(Task prompt) The answer must consist of every line in the records below that contains the string "high".

─── Input for this task

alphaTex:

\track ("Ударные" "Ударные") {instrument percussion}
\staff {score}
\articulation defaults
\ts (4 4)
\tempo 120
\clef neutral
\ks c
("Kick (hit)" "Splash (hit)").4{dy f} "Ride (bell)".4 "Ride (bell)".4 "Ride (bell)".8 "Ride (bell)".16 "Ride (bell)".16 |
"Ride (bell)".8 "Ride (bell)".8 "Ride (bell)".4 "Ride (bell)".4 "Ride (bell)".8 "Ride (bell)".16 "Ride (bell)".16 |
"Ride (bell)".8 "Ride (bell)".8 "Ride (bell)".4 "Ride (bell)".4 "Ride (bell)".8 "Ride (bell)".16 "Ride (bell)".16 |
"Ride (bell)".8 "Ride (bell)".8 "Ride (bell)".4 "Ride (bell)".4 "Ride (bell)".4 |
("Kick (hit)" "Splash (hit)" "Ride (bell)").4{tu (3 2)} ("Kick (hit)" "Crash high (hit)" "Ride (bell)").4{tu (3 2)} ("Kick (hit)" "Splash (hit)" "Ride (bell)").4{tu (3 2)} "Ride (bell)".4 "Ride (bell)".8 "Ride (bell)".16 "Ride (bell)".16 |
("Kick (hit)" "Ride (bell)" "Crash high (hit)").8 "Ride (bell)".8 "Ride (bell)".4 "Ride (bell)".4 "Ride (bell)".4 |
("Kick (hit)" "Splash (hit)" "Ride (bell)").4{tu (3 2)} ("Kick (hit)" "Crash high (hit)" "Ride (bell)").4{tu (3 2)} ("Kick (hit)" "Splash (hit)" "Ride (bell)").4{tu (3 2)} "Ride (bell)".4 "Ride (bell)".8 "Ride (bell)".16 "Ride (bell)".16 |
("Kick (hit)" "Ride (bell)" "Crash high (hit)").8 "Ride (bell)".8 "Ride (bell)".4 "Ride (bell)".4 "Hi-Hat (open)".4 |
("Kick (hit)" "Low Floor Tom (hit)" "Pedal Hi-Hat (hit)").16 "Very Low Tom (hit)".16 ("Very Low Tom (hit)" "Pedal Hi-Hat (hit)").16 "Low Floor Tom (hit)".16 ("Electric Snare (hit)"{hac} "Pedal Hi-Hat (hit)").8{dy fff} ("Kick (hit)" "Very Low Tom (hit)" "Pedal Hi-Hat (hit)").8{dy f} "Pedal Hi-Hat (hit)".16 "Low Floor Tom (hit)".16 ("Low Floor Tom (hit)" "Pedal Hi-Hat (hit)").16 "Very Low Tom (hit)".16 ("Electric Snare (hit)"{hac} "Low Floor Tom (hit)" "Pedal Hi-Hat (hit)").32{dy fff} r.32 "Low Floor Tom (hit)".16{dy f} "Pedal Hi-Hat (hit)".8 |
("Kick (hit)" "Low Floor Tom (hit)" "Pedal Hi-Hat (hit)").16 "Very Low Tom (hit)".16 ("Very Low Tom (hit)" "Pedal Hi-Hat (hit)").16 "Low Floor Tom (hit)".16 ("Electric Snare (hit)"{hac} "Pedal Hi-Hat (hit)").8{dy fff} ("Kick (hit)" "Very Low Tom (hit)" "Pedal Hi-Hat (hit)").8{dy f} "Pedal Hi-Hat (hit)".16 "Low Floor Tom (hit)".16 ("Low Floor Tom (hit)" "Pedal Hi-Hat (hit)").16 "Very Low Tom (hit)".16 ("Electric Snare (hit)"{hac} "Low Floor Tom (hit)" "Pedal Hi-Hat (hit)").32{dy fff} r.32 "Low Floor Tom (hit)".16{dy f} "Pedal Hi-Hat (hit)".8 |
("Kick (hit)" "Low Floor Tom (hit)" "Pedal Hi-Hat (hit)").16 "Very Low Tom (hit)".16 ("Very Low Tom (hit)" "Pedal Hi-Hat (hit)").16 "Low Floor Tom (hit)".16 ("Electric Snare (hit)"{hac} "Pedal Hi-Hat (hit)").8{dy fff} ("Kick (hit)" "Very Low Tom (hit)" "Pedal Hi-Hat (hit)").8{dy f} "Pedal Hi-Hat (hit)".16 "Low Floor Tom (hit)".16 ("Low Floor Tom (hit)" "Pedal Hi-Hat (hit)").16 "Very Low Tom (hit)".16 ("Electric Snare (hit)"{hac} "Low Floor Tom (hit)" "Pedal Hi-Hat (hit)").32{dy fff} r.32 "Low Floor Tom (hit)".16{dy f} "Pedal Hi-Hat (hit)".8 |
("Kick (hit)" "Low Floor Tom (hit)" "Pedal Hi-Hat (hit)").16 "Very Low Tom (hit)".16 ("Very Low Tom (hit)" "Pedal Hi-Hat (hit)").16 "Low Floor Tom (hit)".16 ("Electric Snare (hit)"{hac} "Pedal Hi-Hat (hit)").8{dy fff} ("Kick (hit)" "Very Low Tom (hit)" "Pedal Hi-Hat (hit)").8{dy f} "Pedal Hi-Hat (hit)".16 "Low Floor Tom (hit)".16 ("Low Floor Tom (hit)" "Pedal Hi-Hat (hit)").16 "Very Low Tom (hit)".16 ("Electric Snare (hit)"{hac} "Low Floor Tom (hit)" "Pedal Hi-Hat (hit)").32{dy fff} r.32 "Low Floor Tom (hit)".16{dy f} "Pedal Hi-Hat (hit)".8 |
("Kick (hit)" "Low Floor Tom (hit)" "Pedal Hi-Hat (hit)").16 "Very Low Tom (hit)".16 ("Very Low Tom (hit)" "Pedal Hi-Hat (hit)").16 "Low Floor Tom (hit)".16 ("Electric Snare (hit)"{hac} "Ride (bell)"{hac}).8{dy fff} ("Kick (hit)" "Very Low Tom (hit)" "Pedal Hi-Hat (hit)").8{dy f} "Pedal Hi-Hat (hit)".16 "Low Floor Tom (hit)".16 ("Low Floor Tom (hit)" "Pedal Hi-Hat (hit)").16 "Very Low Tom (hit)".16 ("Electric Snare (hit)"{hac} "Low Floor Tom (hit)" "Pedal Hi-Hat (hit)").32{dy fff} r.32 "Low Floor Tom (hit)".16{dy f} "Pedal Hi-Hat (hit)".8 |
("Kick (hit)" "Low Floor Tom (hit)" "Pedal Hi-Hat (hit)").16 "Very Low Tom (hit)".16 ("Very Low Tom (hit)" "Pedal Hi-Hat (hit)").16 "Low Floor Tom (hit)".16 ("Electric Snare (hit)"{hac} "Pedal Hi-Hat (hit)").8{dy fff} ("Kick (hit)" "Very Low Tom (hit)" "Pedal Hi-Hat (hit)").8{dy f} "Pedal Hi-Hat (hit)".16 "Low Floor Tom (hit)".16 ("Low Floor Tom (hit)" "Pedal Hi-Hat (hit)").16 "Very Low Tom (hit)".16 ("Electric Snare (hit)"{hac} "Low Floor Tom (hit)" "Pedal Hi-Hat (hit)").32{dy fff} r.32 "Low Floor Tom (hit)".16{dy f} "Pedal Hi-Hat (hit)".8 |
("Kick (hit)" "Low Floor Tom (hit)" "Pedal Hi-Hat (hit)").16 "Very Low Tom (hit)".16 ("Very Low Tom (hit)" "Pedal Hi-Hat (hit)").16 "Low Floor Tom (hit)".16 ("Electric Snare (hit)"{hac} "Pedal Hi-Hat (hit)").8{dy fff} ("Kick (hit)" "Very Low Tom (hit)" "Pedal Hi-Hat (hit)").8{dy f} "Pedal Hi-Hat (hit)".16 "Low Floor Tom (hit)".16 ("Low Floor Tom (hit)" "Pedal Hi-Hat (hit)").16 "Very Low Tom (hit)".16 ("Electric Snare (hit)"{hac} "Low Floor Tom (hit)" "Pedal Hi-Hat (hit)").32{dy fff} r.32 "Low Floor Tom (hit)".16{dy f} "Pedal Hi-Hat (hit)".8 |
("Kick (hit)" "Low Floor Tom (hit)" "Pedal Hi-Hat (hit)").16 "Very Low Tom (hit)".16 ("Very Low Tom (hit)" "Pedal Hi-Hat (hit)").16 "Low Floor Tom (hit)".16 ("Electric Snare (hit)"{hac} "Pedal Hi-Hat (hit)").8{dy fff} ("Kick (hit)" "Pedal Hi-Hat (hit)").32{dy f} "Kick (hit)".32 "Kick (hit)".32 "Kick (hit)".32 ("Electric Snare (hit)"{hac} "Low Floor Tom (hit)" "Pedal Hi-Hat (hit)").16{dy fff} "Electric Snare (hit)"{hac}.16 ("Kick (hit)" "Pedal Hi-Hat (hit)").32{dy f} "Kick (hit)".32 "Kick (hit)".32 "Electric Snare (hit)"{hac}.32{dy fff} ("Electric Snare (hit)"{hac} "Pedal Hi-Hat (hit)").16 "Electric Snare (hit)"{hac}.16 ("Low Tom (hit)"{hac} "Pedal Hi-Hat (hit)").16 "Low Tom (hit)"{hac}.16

──────

(Solution below)
("Kick (hit)" "Splash (hit)" "Ride (bell)").4{tu (3 2)} ("Kick (hit)" "Crash high (hit)" "Ride (bell)").4{tu (3 2)} ("Kick (hit)" "Splash (hit)" "Ride (bell)").4{tu (3 2)} "Ride (bell)".4 "Ride (bell)".8 "Ride (bell)".16 "Ride (bell)".16 |
("Kick (hit)" "Ride (bell)" "Crash high (hit)").8 "Ride (bell)".8 "Ride (bell)".4 "Ride (bell)".4 "Ride (bell)".4 |
("Kick (hit)" "Splash (hit)" "Ride (bell)").4{tu (3 2)} ("Kick (hit)" "Crash high (hit)" "Ride (bell)").4{tu (3 2)} ("Kick (hit)" "Splash (hit)" "Ride (bell)").4{tu (3 2)} "Ride (bell)".4 "Ride (bell)".8 "Ride (bell)".16 "Ride (bell)".16 |
("Kick (hit)" "Ride (bell)" "Crash high (hit)").8 "Ride (bell)".8 "Ride (bell)".4 "Ride (bell)".4 "Hi-Hat (open)".4 |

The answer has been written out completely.